An Bord der METEOR: Forscher untersuchen Unterseevulkane im Azoren-Archipel

15.01.2015

Eine internationale Expedition an Bord des Forschungsschiffs METEOR führt zurzeit Messungen im Azoren-Archipel durch. Die Wissenschaftlerinnen und Wissenschaftler wollen herausfinden, welche Gefahren von Unterwasservulkanen und unterseeischen Schlammlawinen im Atlantik ausgehen. Geleitet wird die Expedition von Prof. Christian Hübscher vom Centrum für Erdsystemforschung und Nachhaltigkeit (CEN) der Universität Hamburg. Daneben sind die Universitäten Erlangen, Lissabon, Athen und Paris (Süd) beteiligt.

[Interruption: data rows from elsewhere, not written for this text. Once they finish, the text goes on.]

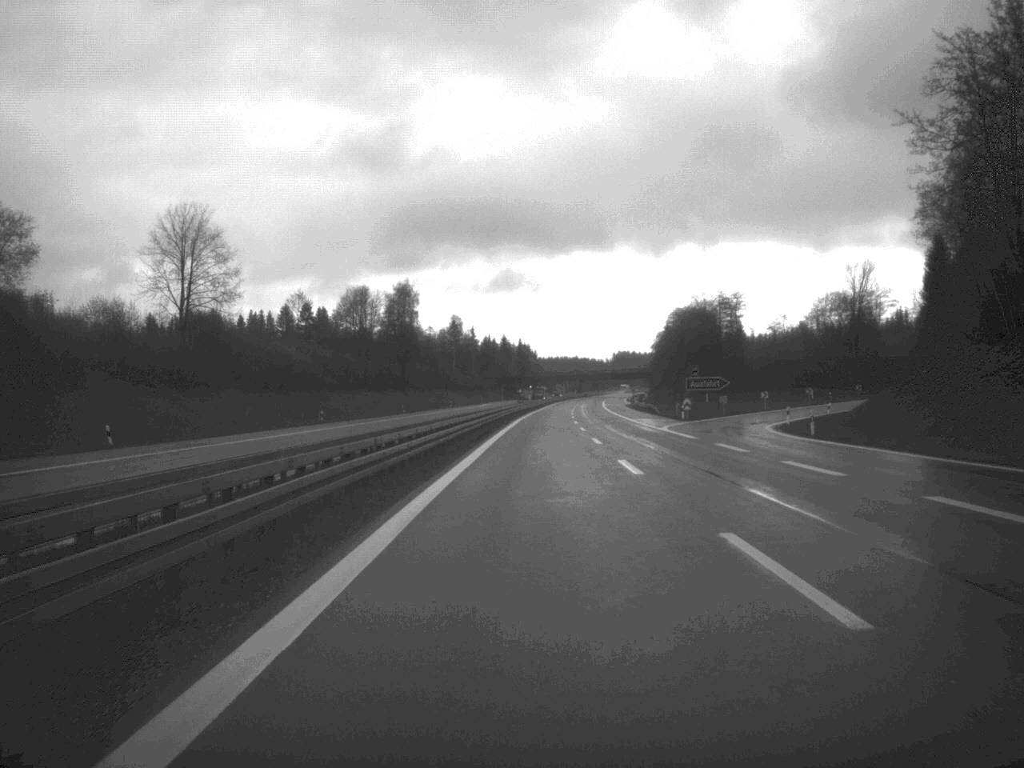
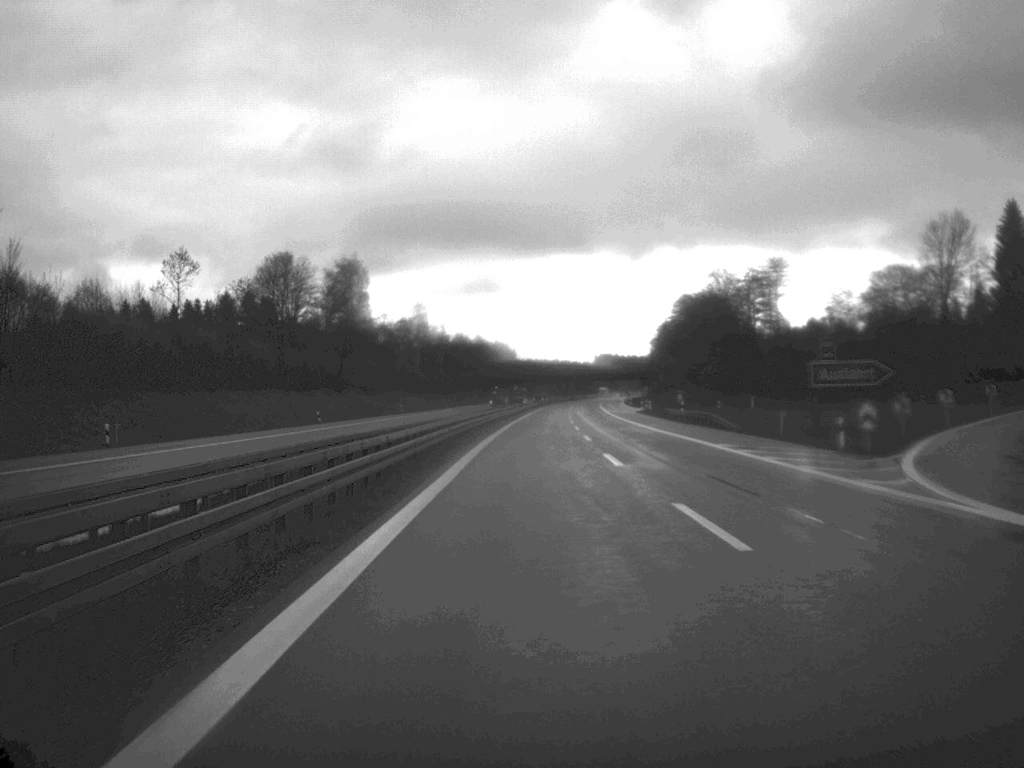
(+0.3, +48.6) m; +1°
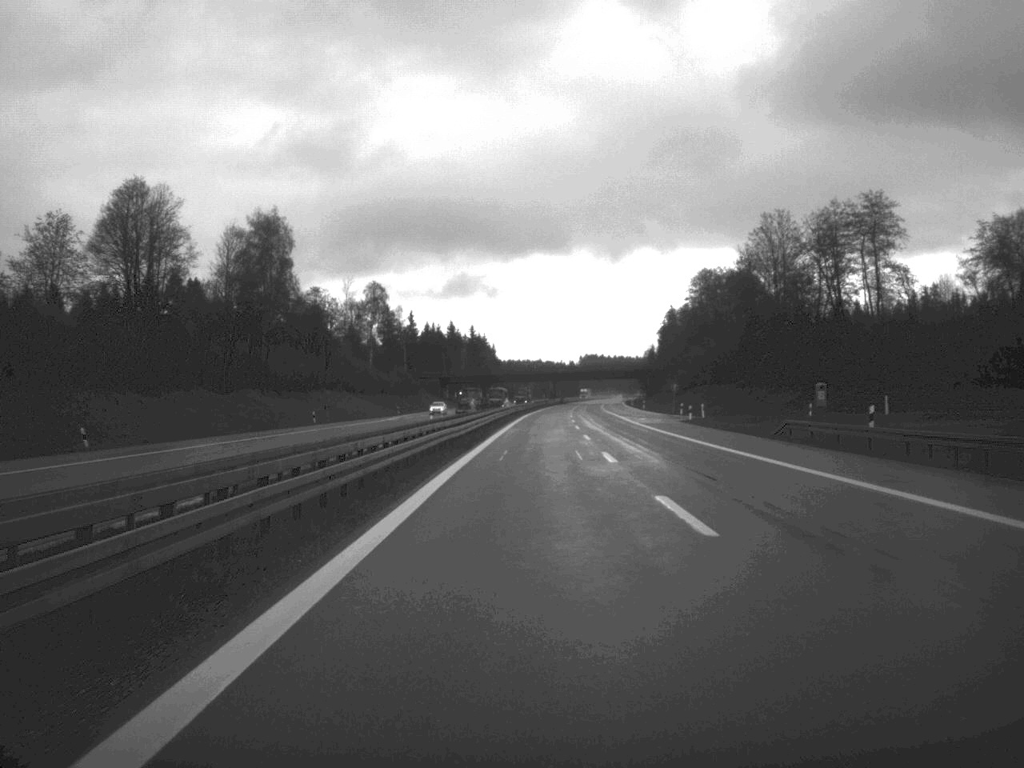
(+0.3, +51.5) m; +1°
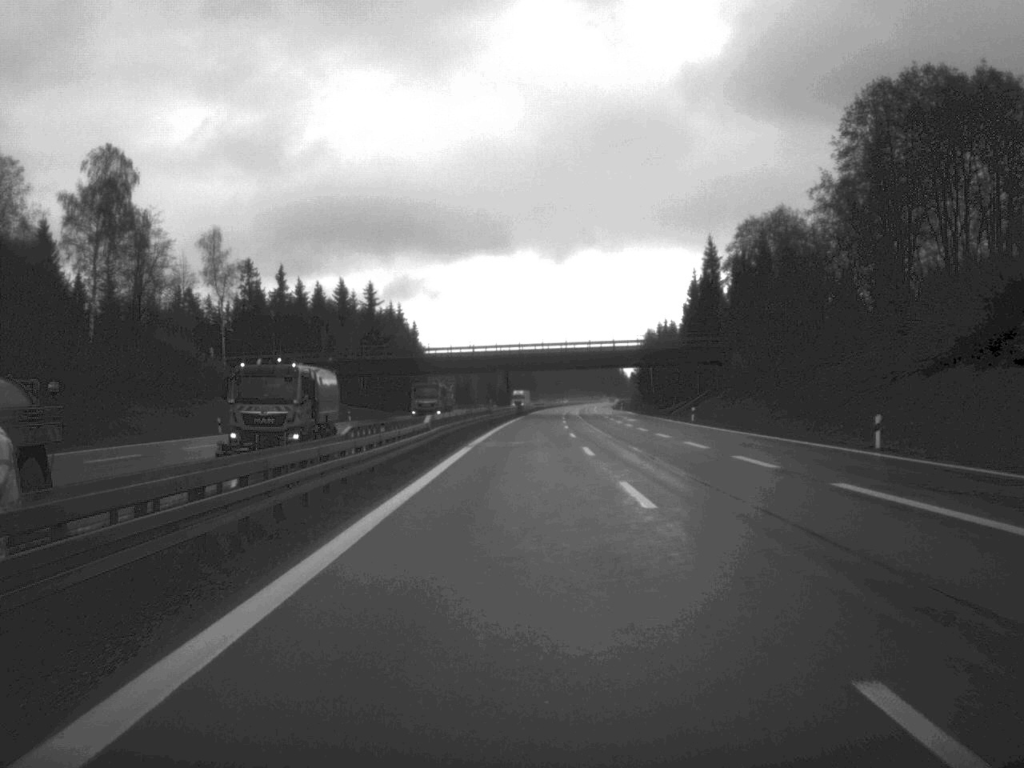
(+2.3, +120.0) m; +2°
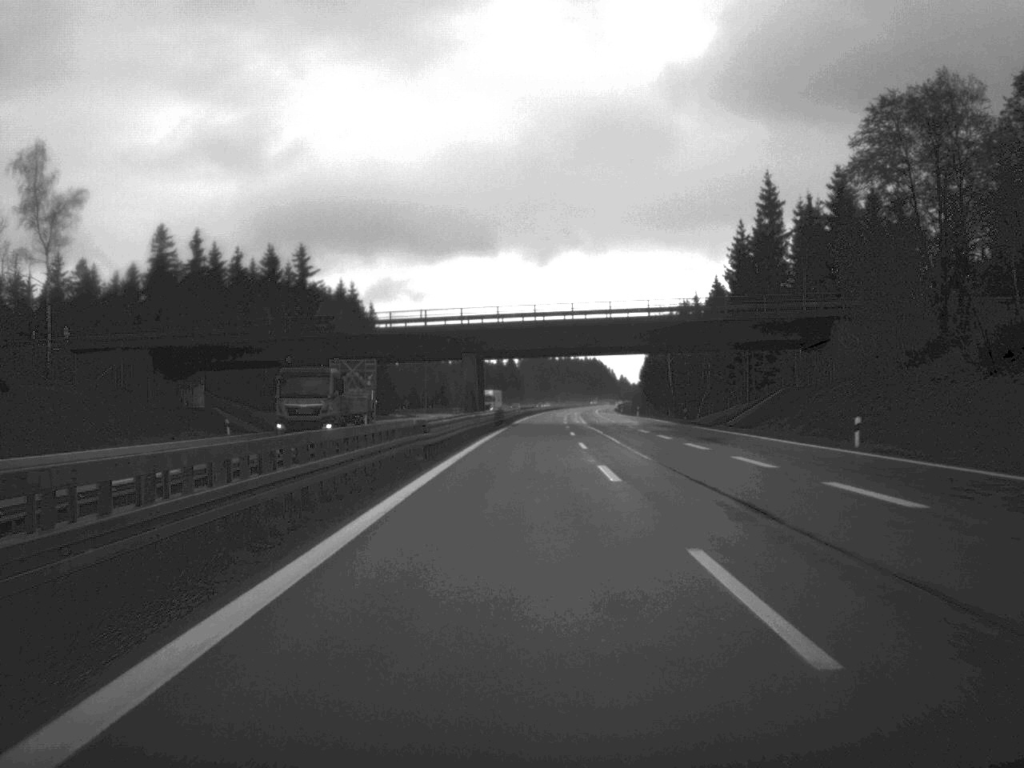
(+0.2, +46.7) m; +1°
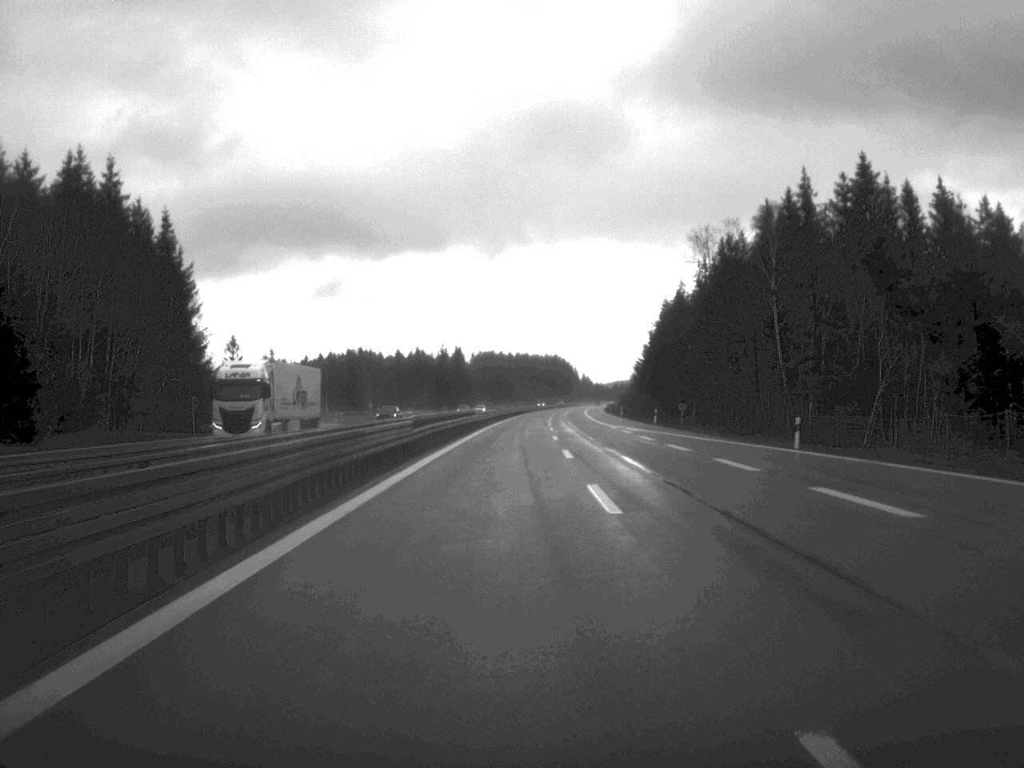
(+1.5, +96.0) m; +2°
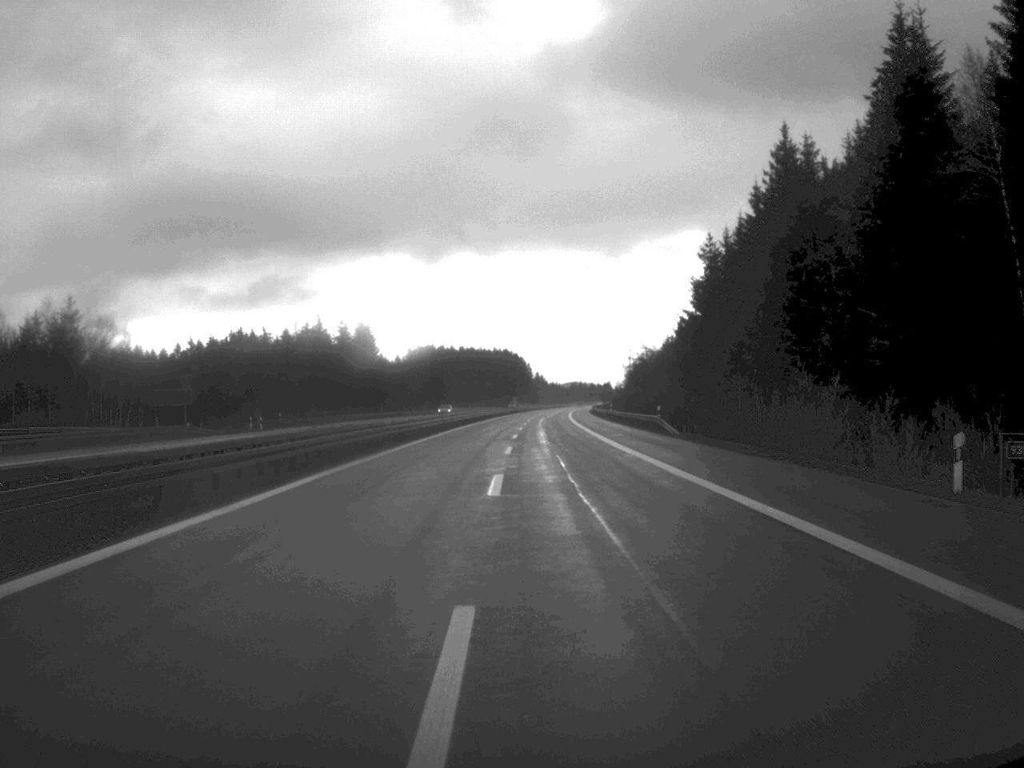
(+2.5, +120.2) m; +2°

FS METEOR vor der Nordküste Sao Miguels
Wissenschaftler und Crew bringen ein 600 Meter langes seismisches Messsystem aus
Spiegelei auf dem Grund: Die seltene Meeresbodenstruktur "Fried Egg" anhand von Fächerlot-Daten

Die Expedition startete am 29. Dezember von São Miguel, der größten der neun Azoreninseln. Erste Ergebnisse von Sedimententnahmen südöstlich von São Miguel legen nahe, dass die Unterwasservulkane in diesem Bereich nicht mehr aktiv sind. „Auch in der Princessa Alice Bank, einem Seeberg weiter westlich, konnte keine vulkanische Aktivität festgestellt werden“, so Hübscher.

Der Geophysiker und sein Team gehen außerdem der Frage nach, ob abrutschende Hänge an der Steilküste der Insel Pico in der Vergangenheit Tsunamis ausgelöst haben. „Welche Risiken es birgt, wenn Teile von einer solchen Steilküste abrutschen, hängt nicht nur vom Volumen des abbrechenden Materials ab. Es spielt auch eine Rolle, wie abrupt der Hang abrutscht und wie schnell die Abbrüche aufeinander folgen“, so Hübscher. Um abzuschätzen, welche Gefahr die Steilküste von Pico birgt, untersuchen die Wissenschaftler Spuren vergangener Abbrüche unter Wasser mit einem sogenannten Fächerlot sowie einer reflexionsseismischen Methode, mit der Querschnitte durch den Meeresboden abgebildet werden können.

Während der Forschungsarbeiten sind die Wissenschaftlerinnen und Wissenschaftler auch auf eine ungewöhnliche Struktur am Meeresboden gestoßen: Ein kreisförmiger Krater, in dessen Mitte sich ein Hügel erhebt.  Diese seltenen Unterwasserstrukturen werden informell als „Fried Egg“, also „Spiegelei“ bezeichnet. Bisher wurde vermutet, dass  es sich dabei um Spuren von 17 Millionen Jahre alten Meteoriteneinschlägen handelt. „Diese Hypothese  können wir mittlerweile ausschließen“, so Hübscher. „Noch diskutieren wir hier an Bord unterschiedliche Alternativmodelle, aber wir sind optimistisch, die Entstehung dieser markanten Strukturen bald verstanden zu haben“.